Baje la persiana, que no vemos
No hay trance más doloroso para un profesor de luminotecnia que llegar al aula una mañana soleada, pedir que se bajen las persianas y encender la luz dando rienda suelta a un chorro de kilovatios hora (y de euros). Pero lo hace porque sabe que la luz natural incontrolada, la que irónicamente dictó la evolución de nuestros ojos, impide leer la pizarra y las proyecciones.
Hay varias razones que lo explican. Si la luz incide sobre la pantalla, disminuye el contraste de la proyección. Además, cuando el sol está bajo, puede deslumbrar.
Podríamos construir aulas con orientaciones especiales que impidiesen el deslumbramiento y la pérdida de contraste, pero el Sol tiene la mala costumbre de seguir una trayectoria aparente, llamada eclíptica, que produce unas condiciones lumínicas distintas en cada momento del día. Y no es cuestión de tener un aula para cada hora.
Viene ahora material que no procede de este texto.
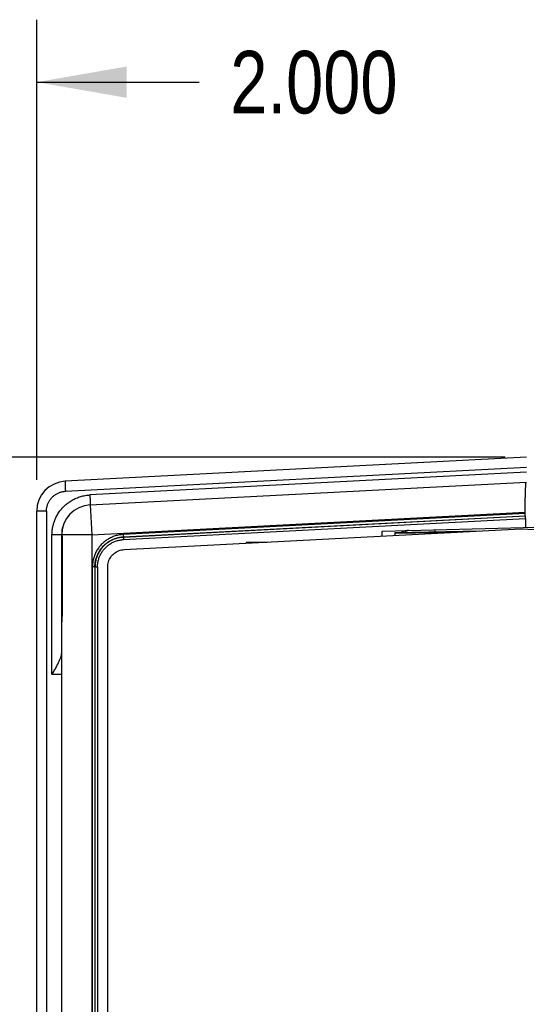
# Model space of a CAD drawing. Header units: inches. Extents: x 0 to 34, y 0 to 22.
# Tile 11 of 78: x 6.3 to 7.3, y 12.1 to 14. Entities that reach past the tile are written whole.
import ezdxf

# ---------------------------------------------------------------- set-up
doc = ezdxf.new("R2010")
doc.units = ezdxf.units.IN
doc.header["$LTSCALE"] = 1.87
doc.header["$MEASUREMENT"] = 0
doc.layers.get('0').update_dxf_attribs({"linetype": 'CONTINUOUS'})
doc.layers.add('DIMENSIONS', color=7, linetype='CONTINUOUS')
doc.styles.get("Standard").update_dxf_attribs({"font": 'txt', "width": 0.8})
doc.dimstyles.new('DIMSTYLE_1', dxfattribs={"dimtxt": 0.125, "dimasz": 0.18, "dimexe": 0.18, "dimexo": 0.0625, "dimgap": 0.09, "dimtad": 0, "dimtih": 1, "dimtoh": 1, "dimdec": 3, "dimzin": 4, "dimdsep": 46, "dimtxsty": 'STANDARD', "dimblk": '_FILLED', "dimblk1": '_FILLED', "dimblk2": '_FILLED', "dimcen": 0.09, "dimadec": 0, "dimazin": 0, "dimtp": 0.01, "dimtm": 0.01, "dimtfac": 1, "dimtdec": 3, "dimtofl": 0, "dimtmove": 0, "dimatfit": 3, "dimldrblk": '_FILLED', "dimfxl": 1, "dimtolj": 1, "dimtzin": 4, "dimarcsym": 0})

# ---------------------------------------------------------------- blocks, each defined once
blk = doc.blocks.new('_FILLED')
at = {"color": 0, "linetype": 'BYBLOCK'}
blk.add_solid([(0, 0), (-1, 0.174), (-1, -0.174)], dxfattribs=at)
blk = doc.blocks.new('*D7')
at = {"layer": 'DIMENSIONS', "color": 2, "linetype": 'CONTINUOUS'}
for p, q in [((6.3385, 13.1291), (6.3385, 14.0499)), ((8.3385, 13.128), (8.3385, 14.0499)), ((6.3385, 13.9249), (6.6635, 13.9249)), ((8.3385, 13.9249), (8.0135, 13.9249))]:
    blk.add_line(p, q, dxfattribs=at)
at = {"layer": 'DIMENSIONS', "color": 2, "linetype": 'CONTINUOUS', "xscale": 0.18, "yscale": 0.18, "zscale": 0.18, "rotation": 180}
blk.add_blockref('_FILLED', (6.3385, 13.9249), dxfattribs=at)
at = {"layer": 'DIMENSIONS', "color": 2, "linetype": 'CONTINUOUS', "xscale": 0.18, "yscale": 0.18, "zscale": 0.18}
blk.add_blockref('_FILLED', (8.3385, 13.9249), dxfattribs=at)
at = {"layer": 'DIMENSIONS', "color": 2, "linetype": 'CONTINUOUS', "width": 0.8}
for s, p in [('2.000', (6.726, 13.8624)), ('[', (7.351, 13.8624)), ('50.8', (7.451, 13.8624)), (']', (7.851, 13.8624))]:
    blk.add_text(s, height=0.125, dxfattribs=at).set_placement(p)
blk = doc.blocks.new('*D8')
at = {"layer": 'DIMENSIONS', "color": 2, "linetype": 'CONTINUOUS'}
for p, q in [((7.276, 13.1749), (5.4635, 13.1749)), ((5.5885, 13.1749), (5.5885, 11.9528)), ((5.5885, 10.4999), (5.5885, 11.7028)), ((6.418, 10.4999), (5.4635, 10.4999))]:
    blk.add_line(p, q, dxfattribs=at)
at = {"layer": 'DIMENSIONS', "color": 2, "linetype": 'CONTINUOUS', "xscale": 0.18, "yscale": 0.18, "zscale": 0.18}
for p, rotation in [((5.5885, 13.1749), 90), ((5.5885, 10.4999), 270)]:
    blk.add_blockref('_FILLED', p, dxfattribs=dict(at, rotation=rotation))
at = {"layer": 'DIMENSIONS', "color": 2, "linetype": 'CONTINUOUS', "width": 0.8}
for s, p in [('[', (5.551, 11.7653)), (']', (6.151, 11.7653)), ('2.675', (4.926, 11.7653)), ('67.95', (5.651, 11.7653))]:
    blk.add_text(s, height=0.125, dxfattribs=at).set_placement(p)

msp = doc.modelspace()

# ---------------------------------------------------------------- linework, layer by layer
at = {"color": 7, "linetype": 'CONTINUOUS'}
for p, q in [((7.3185, 13.1749), (6.3953, 13.1265)), ((6.3958, 13.1065), (7.3185, 13.1549)), ((7.3185, 13.1449), (6.4448, 13.0991)), ((6.4453, 13.0791), (7.3184, 13.1248)), ((6.4453, 13.0791), (6.4485, 13.0192)), ((6.3385, 8.2677), (6.3385, 13.0666)), ((6.3579, 13.0666), (6.3385, 13.0666)), ((6.3579, 13.0666), (6.3579, 8.2677)), ((6.4485, 13.0192), (7.3162, 13.0647)), ((7.3162, 13.0622), (6.5115, 13.02)), ((7.3162, 13.0622), (7.3162, 13.0646)), ((6.4005, 13.0552), (6.4002, 13.0549)), ((6.4009, 13.0557), (6.4003, 13.0549)), ((6.4009, 13.0558), (6.4008, 13.0557)), ((6.4011, 13.056), (6.4009, 13.0558)), ((6.5118, 13.015), (7.3164, 13.0572)), ((7.3165, 13.057), (6.512, 13.0148)), ((6.5122, 13.0098), (7.3167, 13.052)), ((7.3164, 13.0572), (7.3165, 13.057)), ((7.3167, 13.052), (7.3167, 13.0343)), ((6.3889, 13.0205), (6.389, 13.0179)), ((6.5115, 13.02), (6.5118, 13.015)), ((6.5136, 12.9899), (7.3072, 13.0315)), ((7.0301, 13.0268), (7.3385, 13.0349)), ((7.0301, 13.0169), (7.0301, 13.0268)), ((7.0554, 13.0242), (7.2253, 13.0272)), ((7.0555, 13.0226), (7.1803, 13.0248)), ((7.0555, 13.0242), (7.0555, 13.0183)), ((7.1355, 13.0295), (7.1355, 13.0256)), ((7.3072, 13.0315), (8.1602, 12.9868)), ((6.369, 12.7399), (6.369, 13.0192)), ((6.3885, 13.0192), (6.369, 13.0192)), ((6.3885, 8.316), (6.3885, 13.0192)), ((6.3895, 13.0041), (6.3885, 13.0041)), ((6.4485, 13.0192), (6.3892, 13.0192)), ((6.3895, 13.004), (6.3895, 12.8707)), ((6.3895, 13.004), (6.39, 13.004)), ((6.39, 12.8707), (6.39, 13.004)), ((6.4485, 13.0192), (6.4485, 8.316)), ((6.512, 13.0148), (6.5118, 13.015)), ((6.512, 13.0148), (6.5122, 13.0098)), ((6.7578, 13.0049), (6.7578, 13.0027)), ((6.7599, 13.0028), (6.7578, 13.0049)), ((6.7578, 13.0049), (6.7995, 13.0049)), ((6.45, 8.3794), (6.45, 12.9551)), ((6.455, 12.9551), (6.45, 12.9551)), ((6.455, 12.955), (6.455, 8.3795)), ((6.4551, 12.955), (6.455, 12.955)), ((6.4551, 8.3795), (6.4551, 12.955)), ((6.4601, 12.9549), (6.4551, 12.9549)), ((6.4601, 12.9549), (6.4601, 8.3796)), ((6.4805, 10.4999), (6.4805, 12.9549)), ((6.3885, 12.9299), (6.3895, 12.9299)), ((6.3885, 12.7399), (6.369, 12.7399))]:
    msp.add_line(p, q, dxfattribs=at)
for points in [[(6.3905, 13.0346), (6.3899, 13.0323), (6.3894, 13.0294), (6.3891, 13.0265), (6.3889, 13.0235), (6.3889, 13.0205)], [(6.389, 13.0179), (6.3891, 13.0158), (6.3893, 13.0132), (6.3894, 13.0106), (6.3895, 13.0082), (6.3895, 13.0058), (6.3895, 13.004)], [(6.3895, 12.8707), (6.3895, 12.8689), (6.3895, 12.8665), (6.3894, 12.864), (6.3893, 12.8613), (6.3891, 12.8587)], [(6.3891, 12.8587), (6.3887, 12.8532), (6.3886, 12.8503), (6.3885, 12.8475), (6.3885, 12.8452)]]:
    msp.add_lwpolyline(points, dxfattribs=at)
for centre, radius, start, end in [((6.3985, 13.0666), 0.06, 93, 180), ((6.4485, 13.0192), 0.06, 93, 179.9975), ((7.0835, 13.0182), 0.01, 91.5, 140.2258)]:
    msp.add_arc(centre, radius, start, end, dxfattribs=at)
for points, knots in [([(6.3953, 13.1265), (6.3953, 13.1265), (6.3953, 13.1263), (6.3952, 13.1262), (6.3952, 13.1258), (6.3952, 13.1253), (6.3952, 13.1247), (6.3952, 13.124), (6.3952, 13.1232), (6.3952, 13.1222), (6.3952, 13.1212), (6.3953, 13.12), (6.3953, 13.1187), (6.3954, 13.1174), (6.3954, 13.116), (6.3955, 13.1145), (6.3955, 13.113), (6.3956, 13.1114), (6.3957, 13.1098), (6.3958, 13.1081), (6.3958, 13.1071), (6.3958, 13.1065)], [0, 0, 0, 0, 0.004035, 0.014463, 0.031526, 0.055159, 0.08522, 0.121511, 0.163789, 0.211768, 0.265125, 0.323497, 0.386489, 0.453668, 0.524577, 0.598734, 0.675636, 0.754759, 0.835563, 0.917496, 1, 1, 1, 1]), ([(7.3162, 13.0646), (7.3162, 13.0659), (7.3162, 13.0684), (7.3162, 13.0721), (7.3162, 13.0759), (7.3162, 13.0796), (7.3163, 13.0832), (7.3163, 13.0867), (7.3164, 13.0902), (7.3164, 13.0936), (7.3165, 13.0968), (7.3166, 13.1), (7.3167, 13.103), (7.3167, 13.1058), (7.3168, 13.1085), (7.3169, 13.111), (7.317, 13.1133), (7.3172, 13.1154), (7.3173, 13.1173), (7.3174, 13.119), (7.3175, 13.1205), (7.3176, 13.1218), (7.3177, 13.1229), (7.3179, 13.1237), (7.318, 13.1243), (7.3181, 13.1247), (7.3182, 13.1248), (7.3183, 13.1248)], [0, 0, 0, 0, 0.062203, 0.124341, 0.186138, 0.247366, 0.30763, 0.366665, 0.424275, 0.480167, 0.534218, 0.586137, 0.635741, 0.682857, 0.727236, 0.76878, 0.80727, 0.842579, 0.874569, 0.903069, 0.928028, 0.949356, 0.96697, 0.980784, 0.990769, 0.99701, 1, 1, 1, 1]), ([(6.3579, 13.0666), (6.3579, 13.0675), (6.358, 13.0693), (6.3583, 13.0721), (6.3588, 13.0748), (6.3594, 13.0775), (6.3603, 13.0801), (6.3613, 13.0827), (6.3625, 13.0852), (6.3638, 13.0876), (6.3654, 13.0899), (6.3671, 13.0921), (6.3689, 13.0941), (6.3709, 13.0961), (6.373, 13.0979), (6.3752, 13.0995), (6.3775, 13.101), (6.3799, 13.1023), (6.3825, 13.1035), (6.385, 13.1045), (6.3877, 13.1053), (6.3904, 13.1059), (6.3931, 13.1063), (6.3949, 13.1065), (6.3958, 13.1065)], [0, 0, 0, 0, 0.045166, 0.090607, 0.136161, 0.18172, 0.227182, 0.272577, 0.318039, 0.363601, 0.409162, 0.454652, 0.500109, 0.545582, 0.591087, 0.636622, 0.682133, 0.727553, 0.772931, 0.818402, 0.86398, 0.909533, 0.954917, 1, 1, 1, 1]), ([(6.369, 13.0192), (6.369, 13.0207), (6.3691, 13.0238), (6.3695, 13.0285), (6.3702, 13.0331), (6.3711, 13.0377), (6.3723, 13.0422), (6.3738, 13.0466), (6.3755, 13.051), (6.3775, 13.0552), (6.3797, 13.0593), (6.3822, 13.0633), (6.3849, 13.0671), (6.3878, 13.0708), (6.3909, 13.0743), (6.3942, 13.0776), (6.3977, 13.0807), (6.4014, 13.0836), (6.4053, 13.0862), (6.4093, 13.0887), (6.4134, 13.0909), (6.4176, 13.0928), (6.422, 13.0945), (6.4264, 13.096), (6.431, 13.0972), (6.4355, 13.0981), (6.4402, 13.0987), (6.4432, 13.099), (6.4448, 13.0991)], [0, 0, 0, 0, 0.038148, 0.076504, 0.114978, 0.153518, 0.192071, 0.230592, 0.269082, 0.307561, 0.346046, 0.384543, 0.423054, 0.461571, 0.50007, 0.53854, 0.577002, 0.615484, 0.653996, 0.692521, 0.73104, 0.769545, 0.808033, 0.846499, 0.884936, 0.923334, 0.961683, 1, 1, 1, 1]), ([(6.4448, 13.0991), (6.4448, 13.0985), (6.4449, 13.0974), (6.445, 13.0958), (6.445, 13.0942), (6.4451, 13.0926), (6.4452, 13.0911), (6.4452, 13.0896), (6.4453, 13.0882), (6.4453, 13.0868), (6.4454, 13.0856), (6.4454, 13.0844), (6.4454, 13.0834), (6.4454, 13.0824), (6.4454, 13.0816), (6.4454, 13.0808), (6.4454, 13.0802), (6.4454, 13.0798), (6.4454, 13.0794), (6.4454, 13.0792), (6.4453, 13.0791), (6.4453, 13.0791)], [0, 0, 0, 0, 0.082507, 0.164442, 0.245251, 0.324376, 0.40128, 0.475444, 0.546358, 0.613538, 0.676526, 0.734897, 0.788254, 0.836234, 0.87851, 0.914797, 0.944851, 0.968479, 0.985541, 0.995967, 1, 1, 1, 1]), ([(7.3164, 13.0572), (7.3162, 13.0573), (7.3164, 13.0583), (7.3161, 13.0599), (7.3162, 13.0614), (7.3162, 13.0622)], [0, 0, 0, 0, 0.131531, 0.497942, 1, 1, 1, 1]), ([(7.3167, 13.052), (7.3167, 13.0529), (7.3168, 13.0545), (7.3166, 13.056), (7.3167, 13.0569), (7.3165, 13.057)], [0, 0, 0, 0, 0.54952, 0.892284, 1, 1, 1, 1]), ([(6.3892, 13.0192), (6.3891, 13.0201), (6.389, 13.0219), (6.3891, 13.0246), (6.3892, 13.0273), (6.3895, 13.0298), (6.3899, 13.0323), (6.3903, 13.0339), (6.3905, 13.0346)], [0, 0, 0, 0, 0.177746, 0.351245, 0.520295, 0.684733, 0.844622, 1, 1, 1, 1]), ([(6.5115, 13.02), (6.5102, 13.0199), (6.5075, 13.0197), (6.5035, 13.0191), (6.4995, 13.0183), (6.4955, 13.0172), (6.4916, 13.0158), (6.4878, 13.0142), (6.4841, 13.0123), (6.4805, 13.0103), (6.4771, 13.008), (6.4738, 13.0055), (6.4707, 13.0027), (6.4677, 12.9998), (6.465, 12.9968), (6.4625, 12.9935), (6.4601, 12.9901), (6.458, 12.9866), (6.4561, 12.9829), (6.4545, 12.9791), (6.4531, 12.9752), (6.4519, 12.9712), (6.451, 12.9672), (6.4504, 12.9632), (6.45, 12.9591), (6.45, 12.9565), (6.45, 12.9551)], [0, 0, 0, 0, 0.040808, 0.082014, 0.12354, 0.165302, 0.207215, 0.249198, 0.291183, 0.333108, 0.374964, 0.416763, 0.458523, 0.50027, 0.542028, 0.583804, 0.625602, 0.667441, 0.709356, 0.75134, 0.793305, 0.835154, 0.876812, 0.918218, 0.959302, 1, 1, 1, 1]), ([(7.0832, 13.0282), (7.0823, 13.0281), (7.0804, 13.028), (7.0778, 13.0277), (7.0755, 13.0272), (7.0734, 13.0266), (7.0716, 13.026), (7.0701, 13.0253), (7.0691, 13.0248), (7.0686, 13.0245), (7.0686, 13.0245)], [0, 0, 0, 0, 0.185445, 0.360316, 0.51787, 0.656355, 0.779004, 0.887796, 0.984388, 1, 1, 1, 1]), ([(6.3887, 13.0179), (6.3886, 13.0181), (6.3885, 13.0185), (6.3885, 13.019), (6.3885, 13.0192)], [0, 0, 0, 0, 0.510246, 1, 1, 1, 1]), ([(6.389, 13.0179), (6.389, 13.0179), (6.389, 13.0181), (6.389, 13.0186), (6.3891, 13.019), (6.3892, 13.0192)], [0, 0, 0, 0, 0.006565, 0.493207, 1, 1, 1, 1]), ([(6.39, 13.004), (6.39, 13.0046), (6.39, 13.0059), (6.39, 13.0077), (6.3899, 13.0096), (6.3898, 13.0115), (6.3897, 13.0134), (6.3895, 13.0154), (6.3894, 13.0169), (6.3893, 13.0177), (6.3893, 13.0179)], [0, 0, 0, 0, 0.129917, 0.263291, 0.399389, 0.537387, 0.676365, 0.81536, 0.953387, 1, 1, 1, 1]), ([(6.455, 12.9551), (6.455, 12.9564), (6.455, 12.9589), (6.4554, 12.9627), (6.456, 12.9664), (6.4568, 12.9701), (6.4579, 12.9738), (6.4592, 12.9773), (6.4607, 12.9808), (6.4624, 12.9842), (6.4644, 12.9874), (6.4665, 12.9906), (6.4688, 12.9936), (6.4714, 12.9964), (6.4741, 12.9991), (6.4769, 13.0016), (6.4799, 13.0039), (6.4831, 13.006), (6.4864, 13.0079), (6.4898, 13.0096), (6.4933, 13.0111), (6.4969, 13.0123), (6.5005, 13.0134), (6.5042, 13.0142), (6.508, 13.0147), (6.5105, 13.0149), (6.5118, 13.015)], [0, 0, 0, 0, 0.041626, 0.083233, 0.124822, 0.16641, 0.208025, 0.249677, 0.29134, 0.33299, 0.374632, 0.416279, 0.45793, 0.499577, 0.541216, 0.582866, 0.624546, 0.666256, 0.707979, 0.749701, 0.791418, 0.833129, 0.874835, 0.916544, 0.958265, 1, 1, 1, 1]), ([(6.512, 13.0148), (6.5107, 13.0148), (6.5082, 13.0145), (6.5044, 13.014), (6.5007, 13.0132), (6.4971, 13.0122), (6.4935, 13.0109), (6.49, 13.0094), (6.4866, 13.0077), (6.4833, 13.0058), (6.4802, 13.0037), (6.4771, 13.0014), (6.4743, 12.9989), (6.4716, 12.9962), (6.4691, 12.9934), (6.4667, 12.9904), (6.4646, 12.9873), (6.4626, 12.984), (6.4609, 12.9807), (6.4594, 12.9772), (6.4581, 12.9736), (6.457, 12.97), (6.4562, 12.9663), (6.4556, 12.9625), (6.4552, 12.9587), (6.4551, 12.9562), (6.4551, 12.9549)], [0, 0, 0, 0, 0.041666, 0.083332, 0.124998, 0.166665, 0.208332, 0.25, 0.291668, 0.333335, 0.375003, 0.416669, 0.458334, 0.499999, 0.541664, 0.583329, 0.624996, 0.666663, 0.708331, 0.749999, 0.791667, 0.833334, 0.875001, 0.916668, 0.958334, 1, 1, 1, 1]), ([(6.4601, 12.9549), (6.4601, 12.9561), (6.4602, 12.9585), (6.4606, 12.9621), (6.4611, 12.9657), (6.462, 12.9692), (6.463, 12.9727), (6.4643, 12.9761), (6.4658, 12.9794), (6.4676, 12.9826), (6.4695, 12.9857), (6.4716, 12.9887), (6.474, 12.9915), (6.4765, 12.9941), (6.4791, 12.9966), (6.482, 12.9989), (6.485, 13.001), (6.4881, 13.0029), (6.4913, 13.0045), (6.4947, 13.006), (6.4981, 13.0073), (6.5016, 13.0083), (6.5051, 13.009), (6.5087, 13.0096), (6.511, 13.0098), (6.5122, 13.0098)], [0, 0, 0, 0, 0.042631, 0.08565, 0.128984, 0.172552, 0.216269, 0.260052, 0.303814, 0.347491, 0.3911, 0.43467, 0.47822, 0.521767, 0.565322, 0.608896, 0.652504, 0.696177, 0.739934, 0.783713, 0.827431, 0.871002, 0.914342, 0.957367, 1, 1, 1, 1]), ([(6.4805, 12.9549), (6.4805, 12.9584), (6.4816, 12.9656), (6.4863, 12.9752), (6.4937, 12.983), (6.503, 12.9882), (6.5101, 12.9897), (6.5136, 12.9899)], [0, 0, 0, 0, 0.199965, 0.399805, 0.599604, 0.799483, 1, 1, 1, 1]), ([(6.3885, 12.8452), (6.3885, 12.8457), (6.3885, 12.847), (6.3886, 12.8488), (6.3887, 12.8508), (6.3889, 12.8528), (6.3891, 12.8548), (6.3893, 12.8568), (6.3895, 12.8589), (6.3897, 12.8609), (6.3898, 12.8629), (6.3899, 12.8649), (6.39, 12.8669), (6.39, 12.8688), (6.39, 12.87), (6.39, 12.8707)], [0, 0, 0, 0, 0.069407, 0.143247, 0.219685, 0.298114, 0.377831, 0.45807, 0.538141, 0.617673, 0.696528, 0.774474, 0.851185, 0.926423, 1, 1, 1, 1]), ([(6.3895, 12.8707), (6.3895, 12.8707), (6.3895, 12.8707), (6.3896, 12.8707), (6.3898, 12.8707), (6.3899, 12.8707), (6.39, 12.8707)], [0, 0, 0, 0, 0.021366, 0.08609, 0.413164, 1, 1, 1, 1]), ([(6.369, 12.7399), (6.3697, 12.7412), (6.3713, 12.7438), (6.3735, 12.7477), (6.3757, 12.7515), (6.3777, 12.7552), (6.3796, 12.7588), (6.3814, 12.7621), (6.3829, 12.7653), (6.3843, 12.7683), (6.3854, 12.771), (6.3864, 12.7736), (6.3872, 12.7759), (6.3877, 12.7781), (6.3882, 12.78), (6.3884, 12.7818), (6.3885, 12.783), (6.3885, 12.7835)], [0, 0, 0, 0, 0.095343, 0.189046, 0.280164, 0.367833, 0.451537, 0.530506, 0.603969, 0.671581, 0.733522, 0.789913, 0.841007, 0.887242, 0.928891, 0.96636, 1, 1, 1, 1])]:
    msp.add_open_spline(points, degree=3, knots=knots, dxfattribs=at)
for points in [[(6.3888, 13.0178), (6.3888, 13.0178), (6.3888, 13.0179), (6.3887, 13.0179)], [(6.389, 13.0174), (6.3889, 13.0175), (6.3889, 13.0177), (6.3888, 13.0178)], [(6.3893, 13.0179), (6.3893, 13.0184), (6.3892, 13.0188), (6.3892, 13.0192)]]:
    msp.add_open_spline(points, degree=3, dxfattribs=at)

# ---------------------------------------------------------------- dimensions: what is measured, and where the dimension line sits
at = {"layer": 'DIMENSIONS', "color": 2, "linetype": 'CONTINUOUS'}
for base, p1, p2, angle, picture, middle in [((6.3385, 13.9249), (8.3385, 13.128), (6.3385, 13.1291), 180, '*D7', (7.3385, 13.9249)), ((5.5885, 13.1749), (6.418, 10.4999), (7.276, 13.1749), 90, '*D8', (5.5885, 11.8278))]:
    dim = msp.add_linear_dim(base=base, p1=p1, p2=p2, angle=angle, dimstyle='DIMSTYLE_1', dxfattribs=at)
    dim.commit()
    dim.dimension.update_dxf_attribs({"geometry": picture, "text_midpoint": middle, "dimtype": 160})

doc.saveas('drawing.dxf')

Desde hace años, las normativas sobre construcción procuran aprovechar la luz solar, y los investigadores ideamos las más variopintas estrategias para introducirla en edificios y túneles. Pero el resultado dista de ser bueno a la hora de llevar a cabo tareas visuales exigentes.
Como no podemos convencer a la Tierra para que rote a conveniencia de nuestra factura eléctrica, habrá que buscar otras soluciones. Por ejemplo, ventanas con cristales adaptativos que controlen la entrada del flujo luminoso y la dirección hacia la que se dirija. Es una propuesta.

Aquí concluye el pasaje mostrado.